Once one gets onto networks where one is really sharing the bandwidth with others 
performance drops off rapidly (see for example the measuremsnts at 
http://www-iepm.slac.stanford.edu/monitoring/bulk/fast/#Measurements%20from%20Sunnyvale%20to%20Amsterdam
 and compare them with those at 
http://www-iepm.slac.stanford.edu/monitoring/bulk/fast/#TCP%20Stack%20Comparisons%20with%20Single%20Streams

One of the next things we want to look at next is how the various new TCP stacks work 
on production Academic  Research Networks (e.g. from Internet2, ESnet, GEANT, ...) 
with lots of other competing traffic. 
-Original Message-
From: Iljitsch van Beijnum [mailto:[EMAIL PROTECTED] 
Sent: Saturday, March 08, 2003 1:49 PM
To: Cottrell, Les
Cc: '[EMAIL PROTECTED]'
Subject: Re: 923Mbits/s across the ocean


On Sat, 8 Mar 2003, Cottrell, Les wrote:

 We used a stock TCP (Linux kernel TCP).  We did however, use jumbo 
 frames (9000Byte MTUs).

What kind of difference did you see as opposed to standard 1500 byte packets? I did 
some testing once and things actually ran slightly faster with 1500 byte packets, 
completely contrary to my expectations... (This was UDP and just 0.003 km rather than 
10,000, though.)

 The remarks about window size and buffer are interesting also.  It is 
 true large windows are needed. To approach 1Gbits/s we require 40MByte 
 windows.  If this is going to be a problem, then we need to raise 
 question like this soon and figure out how to address (add more 
 memory, use other protocols etc.). In practice to approcah 2.5Gbits/s 
 requires 120MByte windows.

So how much packet loss did you see? Even with a few packets in a million lost this 
would bring your transfer way down and/or you'd need even bigger windows.

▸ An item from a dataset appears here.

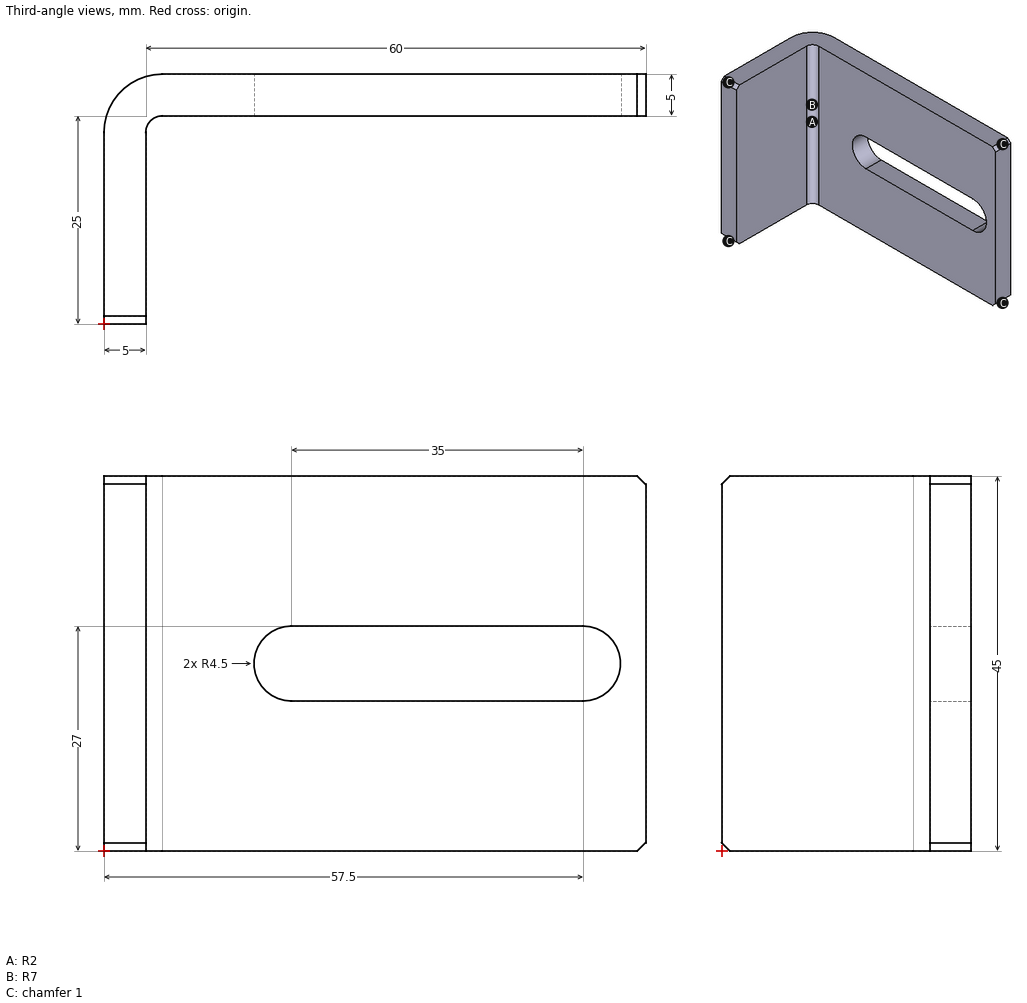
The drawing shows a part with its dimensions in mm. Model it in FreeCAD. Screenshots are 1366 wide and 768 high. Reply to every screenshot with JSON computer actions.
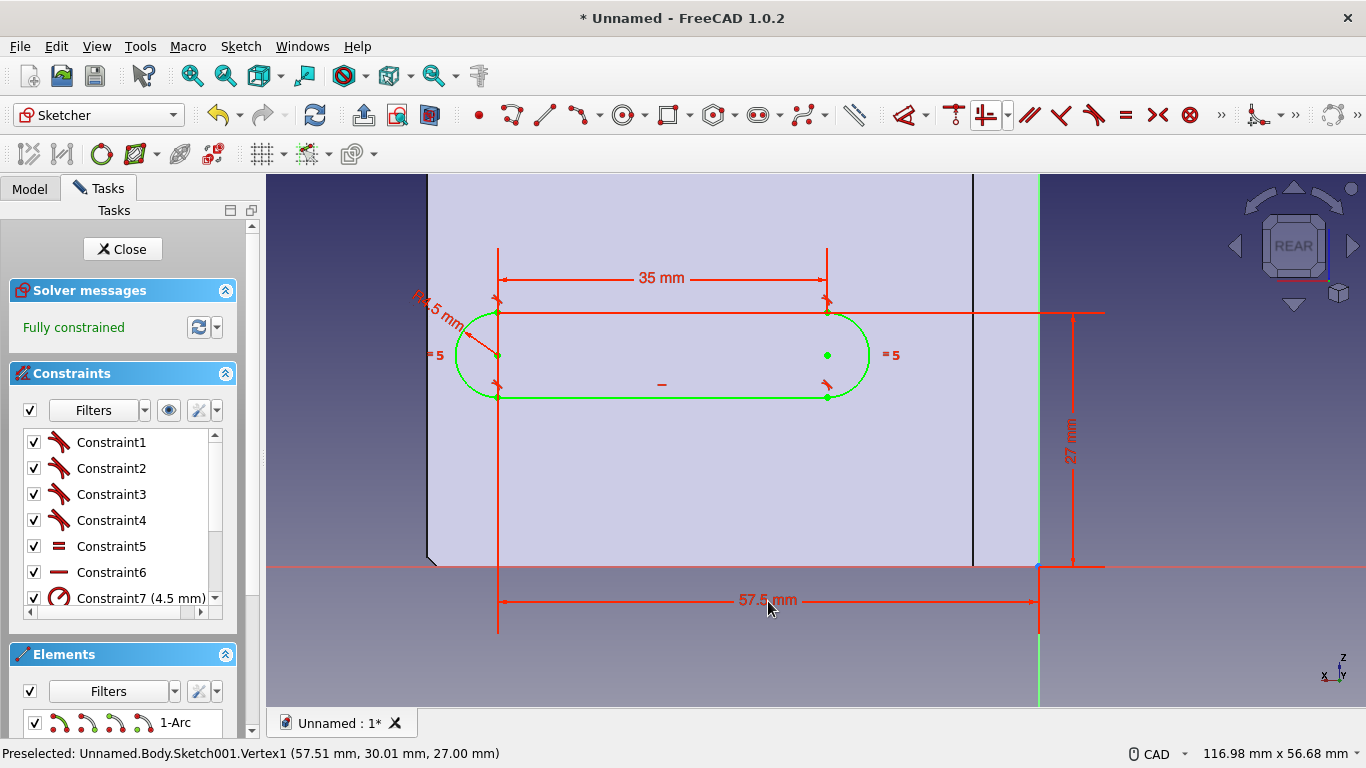
{"action": "left_click", "coordinate": [123, 249]}

However, bigger windows mean more congestion. When two of those boxes start pushing 
traffic at 1 Gbps with a 40 MB window, you'll see 20 MB worth of lost packets due to 
congestion in a single RTT.

A test where the high-bandwidth session or several high-bandwidth sessions have to 
live side by side with other traffic would be very interesting. If this works well it 
opens up possibilities of doing this type of application over real networks rather 
than (virtual) point-to-point links where congestion management isn't an issue.